(DATA SHOWN begins)
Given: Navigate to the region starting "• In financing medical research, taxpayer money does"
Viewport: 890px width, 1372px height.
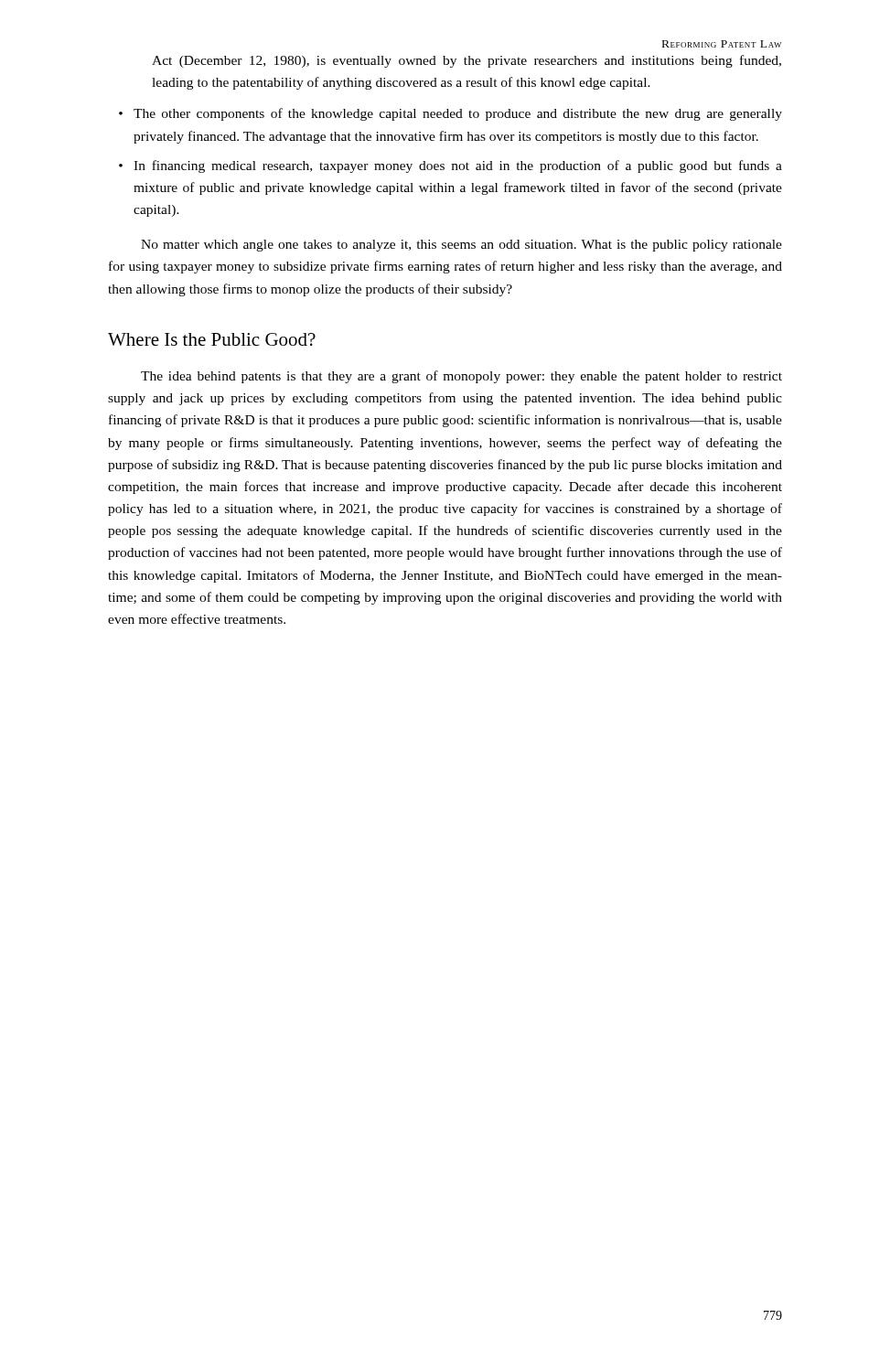Looking at the screenshot, I should coord(445,187).
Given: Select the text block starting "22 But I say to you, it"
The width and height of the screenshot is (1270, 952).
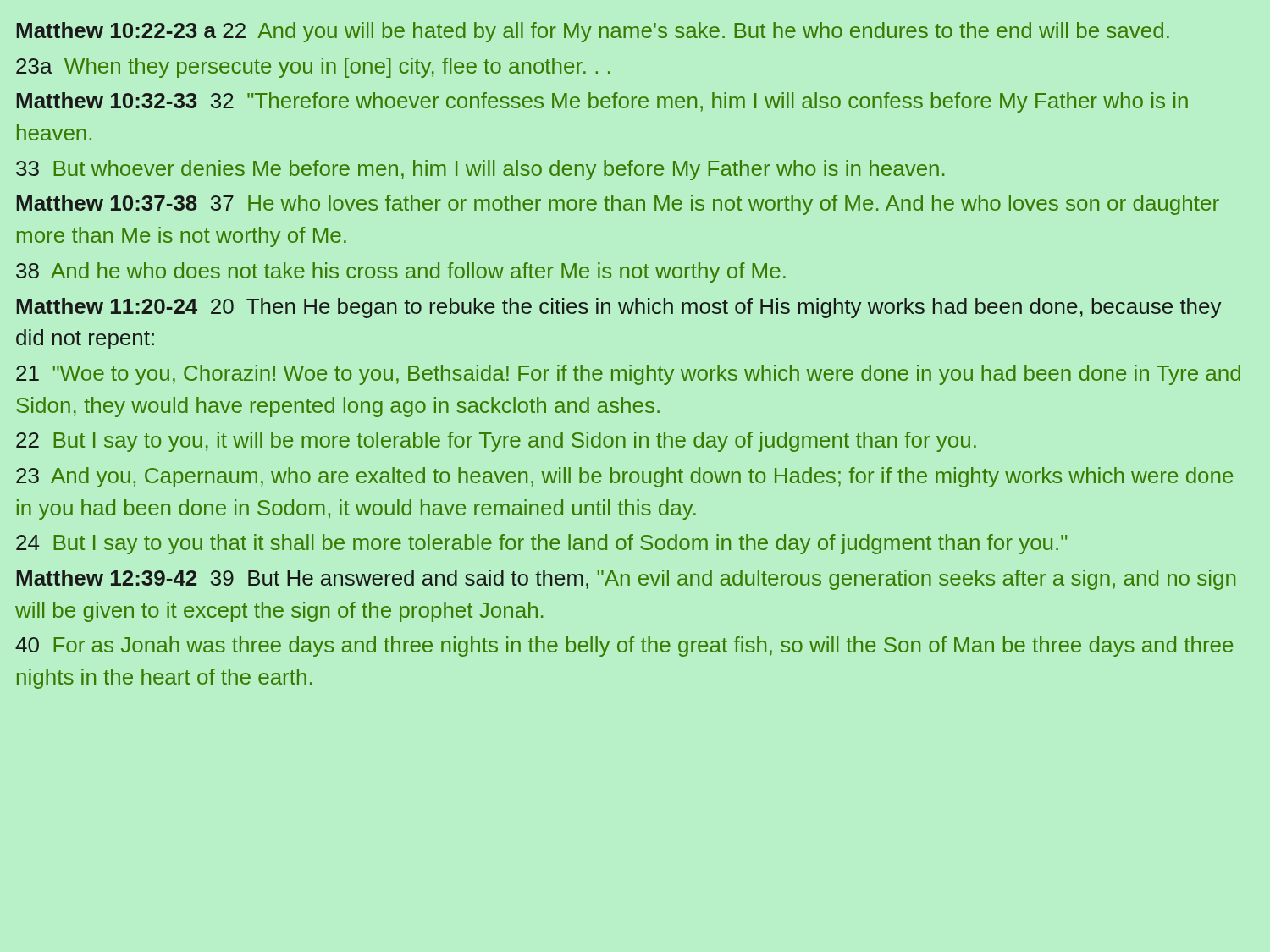Looking at the screenshot, I should click(x=497, y=440).
(DATA SHOWN ends)
Repeat the material above in full and exactly, apart from the pictures.

Given: Navigate to the region starting "• In financing medical research, taxpayer money does"
Viewport: 890px width, 1372px height.
Looking at the screenshot, I should coord(445,187).
Given: Select the text block starting "22 But I say to you, it"
The width and height of the screenshot is (1270, 952).
Looking at the screenshot, I should click(x=497, y=440).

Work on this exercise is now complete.